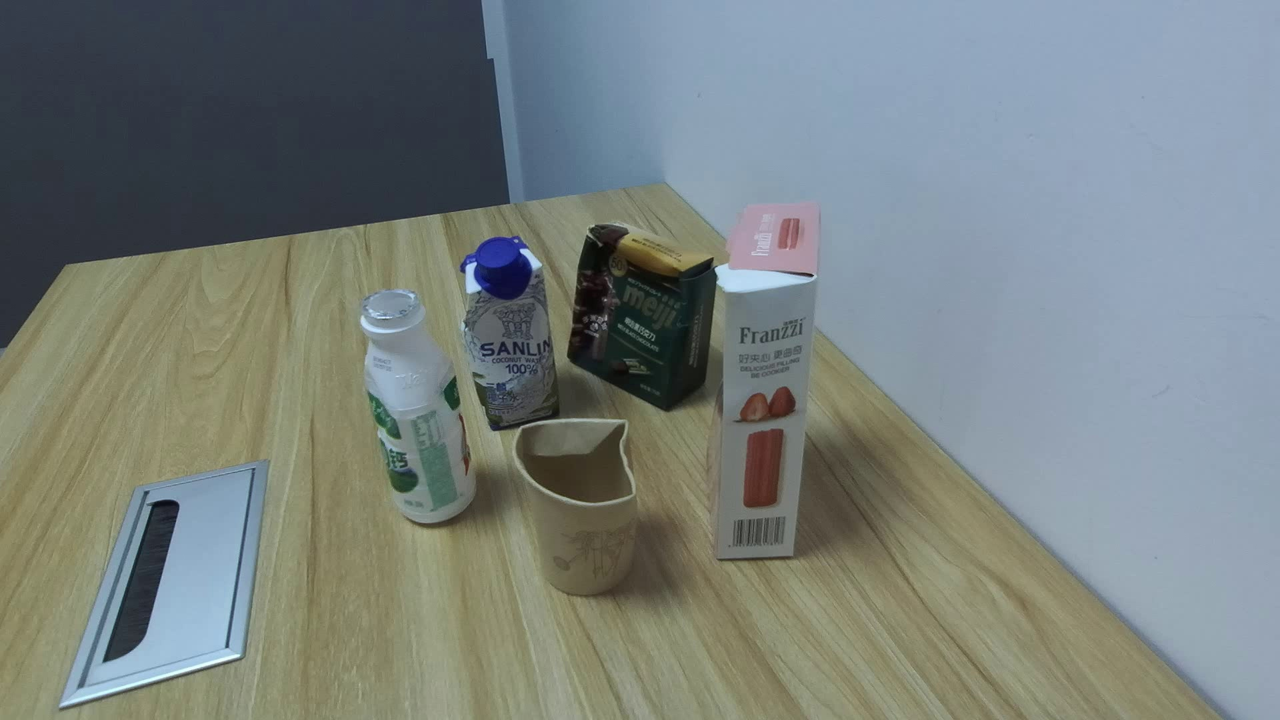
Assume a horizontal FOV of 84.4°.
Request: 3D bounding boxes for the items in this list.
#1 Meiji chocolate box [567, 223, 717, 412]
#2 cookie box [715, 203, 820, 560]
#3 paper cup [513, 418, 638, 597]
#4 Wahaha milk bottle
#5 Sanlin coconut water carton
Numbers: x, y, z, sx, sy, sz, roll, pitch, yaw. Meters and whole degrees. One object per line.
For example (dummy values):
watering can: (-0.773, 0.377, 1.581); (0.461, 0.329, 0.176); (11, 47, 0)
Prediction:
Meiji chocolate box: (0.001, -0.038, 0.558); (0.113, 0.110, 0.058); (24, 32, 28)
cookie box: (0.068, 0.015, 0.403); (0.055, 0.184, 0.118); (4, 34, 7)
paper cup: (-0.034, 0.084, 0.392); (0.066, 0.084, 0.071); (-2, 34, -2)
Wahaha milk bottle: (-0.130, 0.030, 0.416); (0.055, 0.149, 0.055); (1, 35, 0)
Sanlin coconut water carton: (-0.095, -0.023, 0.498); (0.061, 0.144, 0.069); (-12, 35, -14)

★ ★ ★ ★ ★ ★ ★

WHAT YOU WILL DO:
What you produce should repeat the data word for word while omitting all images.

FINISHED TASK:
Assume a horizontal FOV of 84.4°.
Request: 3D bounding boxes for the items in this list.
#1 Meiji chocolate box [567, 223, 717, 412]
#2 cookie box [715, 203, 820, 560]
#3 paper cup [513, 418, 638, 597]
#4 Wahaha milk bottle
#5 Sanlin coconut water carton
Numbers: x, y, z, sx, sy, sz, roll, pitch, yaw. Meters and whole degrees. One object per line.
For example (dummy values):
watering can: (-0.773, 0.377, 1.581); (0.461, 0.329, 0.176); (11, 47, 0)
Prediction:
Meiji chocolate box: (0.001, -0.038, 0.558); (0.113, 0.110, 0.058); (24, 32, 28)
cookie box: (0.068, 0.015, 0.403); (0.055, 0.184, 0.118); (4, 34, 7)
paper cup: (-0.034, 0.084, 0.392); (0.066, 0.084, 0.071); (-2, 34, -2)
Wahaha milk bottle: (-0.130, 0.030, 0.416); (0.055, 0.149, 0.055); (1, 35, 0)
Sanlin coconut water carton: (-0.095, -0.023, 0.498); (0.061, 0.144, 0.069); (-12, 35, -14)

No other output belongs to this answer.